All intelligent thoughts have already been thought. what is necessary is only to try to think them again.

Wednesday, March 13, 2013

the mechanism of my mind

most of the time i just create reasons to exaggerate my feelings so i can feel sad about it. sometimes i think i'm addicted to sadness. well maybe i kinda am. at times i enjoy the feeling of being able to talk about something poeticly and being to express my thoughts into words because i dont know why, but i cant do it as well as when i'm in a good mood. its like all the words of sorrow and disappointment just flows to my mind and gave me alot of things to think about. compared to when i'm happy, i just think about one thing which is the reason why i was feeling happy that time. wow i sound very emo ._. so anyways, i have a biology test tomorrow yet i'm here talking about sorrow and sadness as if i have a choice, but honestly i'm here just to say how i want to get over this exaggeration. i'm tired of having to feel "this" every time something doesnt go the way how i expected them to be. i know, that its actually my fault. because i kept repeating the same thing over and over and over until god know when, but seriously. the thing about me is that when i expected something to happen, i add alot of "toppings, sugar and ice cream" to it, i know this is pretty normal but it just makes me feel extra bad when the reality says otherwise you know? its like walking on thin ice and doctrine yourself that it wont break while you are aware of the danger and the pain that its gonna bring you if it does break. i just kept repeating it in school, in homeworks and everything else that involves my future. i act as if i have a better choice and overlooked the gigantic fact of "right answer". maybe this is what they call a mid life crisis. i dont know. so yeah. i think i better study now -_-

Tuesday, March 12, 2013

A Night to Remember

aaaah tonight went pretty well hehe, it went waaay better than how i expected it to be. i get to see him since after about more than a week <3 how i miss him so much haha.
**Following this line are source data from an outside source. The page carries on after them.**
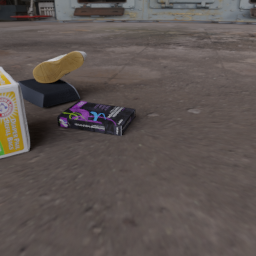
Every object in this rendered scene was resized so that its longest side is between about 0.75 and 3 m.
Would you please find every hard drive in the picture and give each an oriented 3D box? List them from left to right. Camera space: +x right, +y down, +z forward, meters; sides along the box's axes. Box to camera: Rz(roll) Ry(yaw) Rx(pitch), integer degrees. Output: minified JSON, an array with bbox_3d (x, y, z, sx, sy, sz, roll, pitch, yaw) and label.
[{"bbox_3d":[-2.702,-1.254,9.200,1.456,0.457,2.158,-19,31,-36],"label":"hard drive"}]

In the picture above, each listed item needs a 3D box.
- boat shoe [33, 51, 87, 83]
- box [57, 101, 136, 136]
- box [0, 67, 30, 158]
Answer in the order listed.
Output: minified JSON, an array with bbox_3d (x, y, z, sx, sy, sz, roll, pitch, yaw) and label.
[{"bbox_3d":[-2.133,-1.947,8.952,1.902,0.673,0.659,-14,19,20],"label":"boat shoe"},{"bbox_3d":[-0.777,-0.293,7.293,1.716,0.310,1.227,10,27,14],"label":"box"},{"bbox_3d":[-3.702,-0.140,5.510,2.965,1.503,1.668,-15,30,-29],"label":"box"}]
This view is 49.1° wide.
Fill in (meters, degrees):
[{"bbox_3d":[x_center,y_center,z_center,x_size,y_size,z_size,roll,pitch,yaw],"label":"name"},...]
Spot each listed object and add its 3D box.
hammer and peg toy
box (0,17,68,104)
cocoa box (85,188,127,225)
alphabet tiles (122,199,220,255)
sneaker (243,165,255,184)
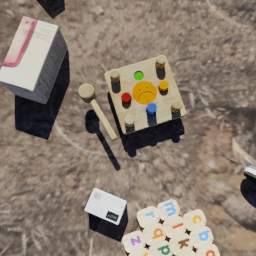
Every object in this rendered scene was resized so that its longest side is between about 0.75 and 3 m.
[{"bbox_3d":[0.116,-0.837,8.379,2.836,1.000,2.086,-18,81,-4],"label":"hammer and peg toy"},{"bbox_3d":[-2.794,-1.983,8.428,1.137,1.335,2.088,17,79,4],"label":"box"},{"bbox_3d":[-0.606,2.199,7.918,1.005,0.659,0.670,22,79,4],"label":"cocoa box"},{"bbox_3d":[1.207,3.395,7.918,2.460,0.184,2.515,-19,79,-3],"label":"alphabet tiles"},{"bbox_3d":[4.657,1.200,7.915,2.455,1.026,1.482,23,82,3],"label":"sneaker"}]
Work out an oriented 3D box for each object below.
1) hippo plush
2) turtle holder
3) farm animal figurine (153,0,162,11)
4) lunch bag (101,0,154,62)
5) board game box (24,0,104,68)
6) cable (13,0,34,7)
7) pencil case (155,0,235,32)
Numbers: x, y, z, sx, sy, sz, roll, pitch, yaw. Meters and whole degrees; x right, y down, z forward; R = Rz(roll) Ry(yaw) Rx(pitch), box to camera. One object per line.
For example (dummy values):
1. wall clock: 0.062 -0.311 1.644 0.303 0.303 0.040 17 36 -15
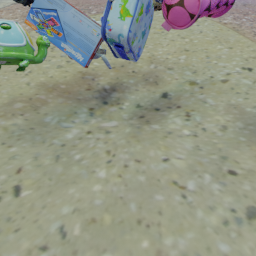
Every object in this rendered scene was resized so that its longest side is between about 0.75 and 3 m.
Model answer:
1. hippo plush: -1.307 -3.322 9.813 1.994 1.589 1.603 15 63 21
2. turtle holder: -3.225 -2.319 7.915 1.828 1.298 1.389 -3 5 -2
3. farm animal figurine: 1.275 -4.371 9.252 2.823 1.488 2.854 -7 11 10
4. lunch bag: 0.023 -3.044 8.122 0.994 1.937 2.410 16 0 10
5. board game box: -1.928 -3.093 8.541 2.549 1.312 0.248 38 19 9
6. cable: -2.636 -3.563 6.892 1.205 0.983 0.306 38 33 19
7. pencil case: 1.700 -2.964 6.641 1.071 1.106 2.361 43 45 15

Tonight is a night that i will remember after all of this time. we went out to eat, we laughed about a bunch of things, its the first time we actually get to talk personally and he kinda held my hand hahahahaha, tonight just feels so damn right and it feels like i'm totally high on love and stuff haha. so goodnight blogger hahahahahaha

Tuesday, March 5, 2013

that feeling

the unknown feelings of weirdness and disturbance. i got no one to blame or even reasons to feel this way, but still i do and am feeling this way. it starts from small things that i tend to exaggerate for entertainment. god why am i doing this to myself. a thousands expressions to put in words but none can actually, precisely, describe this one. i'm in a hotel room right now, thinking about nothing and create my own problems. its not you, its me. it was never you, it was always me. the feeling of care is sometimes brought down by the wonders of my mind. i love you so much but i cant stop thinking that i always do something wrong, for not being able to fulfill all your expectations. you expected so little from me, while i gave you something thats way less than a little. sometimes  you just passed thru my mind and the guilt starts to catch me again.